Œuvre magistrale de Scorsese qui à mon sens aurait pu être un chef d’œuvre sans ces quelques longueurs en 2e partie, lesquelles auraient pu être évitées avec un montage et une écriture un peu plus compacts pour une durée inférieure d’au moins trente minutes.
Ceci étant dit, pour le reste c’est absolument excellent.
L’histoire d’abord, aussi glaçante que passionnante qui montre cette cruauté sans borne dont les « Américains anglo-saxons » firent preuve face aux Amérindiens. Dans la lignée d’une colonisation anglaise du territoire qui dès l’origine vit les autochtones comme des peuples gênants (approche très différente de celle de la France qui en fit le plus souvent des partenaires si ce n’est des alliés, voire des sujets sous la protection de la couronne de France), la jeune nation étasunienne de ce début du XXe siècle, qui a achevé la Conquête de l’Ouest géographique depuis quelques années déjà, cherche à faire main basse sur les rares ressources qui lui échappent encore, en l’occurrence ici au profit des Osages. Sans trop en dévoiler nous dirons que le processus est cynique, d’abord insidieux et progressif avant d’être violent et expéditif sans aller jusqu’à basculer dans le massacre ouvert comme celui commis sur la population noire à Tulsa à la même époque.
Au niveau de la réalisation c’est du grand art : si ce n’est la durée à mon sens un poil excessive et qui peut entraîner une forme de lassitude sur la dernière heure avec en plus un final qui m’a un poil déçu sur la forme, on est vraiment plongé dans cette société mixte qui voit une des deux ethnies s’imposer progressivement et impitoyablement.

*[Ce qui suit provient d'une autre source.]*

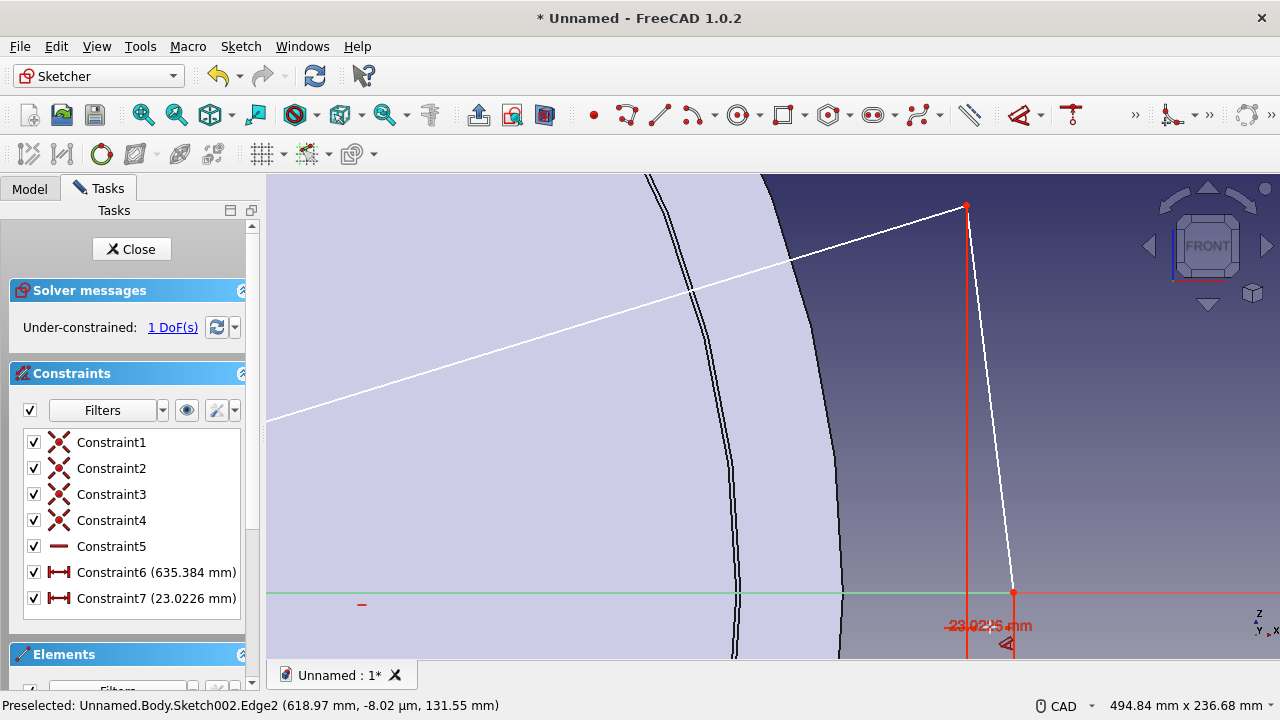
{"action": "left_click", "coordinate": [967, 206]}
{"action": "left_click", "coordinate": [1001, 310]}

En cela c’est une forme de western, l’ultime phase de la Conquête de l’Ouest.
Au niveau du jeu d’acteur c’est selon moi un sans faute. Carpaccio concourt clairement pour l’oscar du meilleur acteur (à moins que l’Empereur ne contre-attaque le 22 novembre ?), il est absolument bluffant. De Niro pourra peut-être briguer celui du meilleur second rôle et Lily Gladstone ne souffre jamais de la comparaison. Les seconds/troisièmes couteaux, nombreux sur un film de cette durée, sont tous excellents, Scorcese sait diriger ses acteurs ça ne fait pas de doutes.
Ainsi lorsque Eastwood, un autre des survivants du cinéma classique hollywoodien, a déçu avec son dernier bébé Cry Macho, Scorsese livre avec ce Killers of Flower Moon un film puissant qui fait d’ores-et-déjà partie des meilleurs films de cette année 2023.